Just a week after being released from a 2013 arrest, 51-year-old Singapore businessman, Dan Tan, also known as Tan Seet Eng, was arrested again by police on Tuesday, December 1st for “involvement in criminal activities.”

According to the Associate Press, one of Tan’s lawyers, Hamidul Haq, said that the specific charges pertaining to the new arrest are yet to be known. Haq said, “We are still finding out what the next steps are,” and, “We will want to try to see him to take instructions. I don’t know if the police will allow that.”
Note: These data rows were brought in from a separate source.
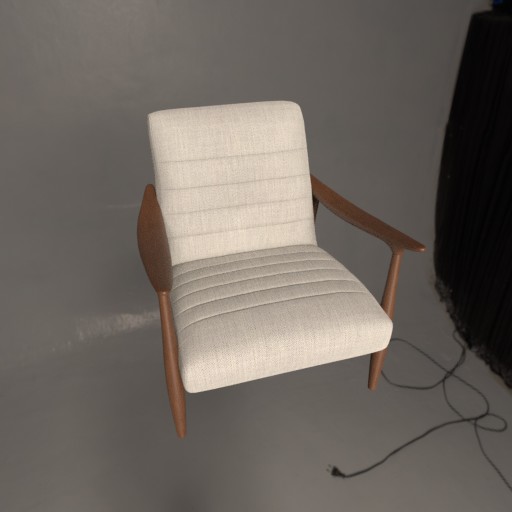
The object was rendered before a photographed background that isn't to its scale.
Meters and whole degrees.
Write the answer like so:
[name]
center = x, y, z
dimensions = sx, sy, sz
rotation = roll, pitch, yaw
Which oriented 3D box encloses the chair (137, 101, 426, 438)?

Tan was not arrested in Singapore until late 2013 since it doesn’t possess an extradition treaty with the European Union. He was accused of being the mastermind behind the “world’s largest and most aggressive match-fixing syndicate” that spanned to South America and made millions of dollars. He was accused of fixing dozens matches in Italy’s three top divisions in an operation that existed for more than 10 years. The law Tan was arrested under allows for indefinite dentition sans trial if deemed to be in the best interest of public safety. However, on November 25th it was ruled by the Singapore Court of Appeals that his detention was not legal and he was released.

Singapore Home Affairs and Law Minister, Kasiviswanathan Shanmugam said, “We will be advised by the AGC (Attorney General’s Chambers), who will look at the judgment and make sure that any new detention order — if such a detention order is issued — sets out the grounds adequately, fully, in compliance with the Act.”

Leading members of international sporting associations were outraged by Tan’s release. As well as being referred to as the “general director of the ring,” by Italian prosecutor Roberto Di Martino who was directing an investigation into international match-fixing. A Hungarian court is also trying Tan, in absentia, for the alleged manipulation of 32 games in Italy, Hungary and Finland.

In the early 1990’s Tan served less than a year in jail for illegal football bookmaking and horse racing, and he has admitted to serving as the director of the Singapore company Exclusive Sports PTE Ltd. Football4U, the rebranding of Exclusive Sports, was bankrolled by convicted match-fixer Wilson Raj Perumal, according to Wikipedia.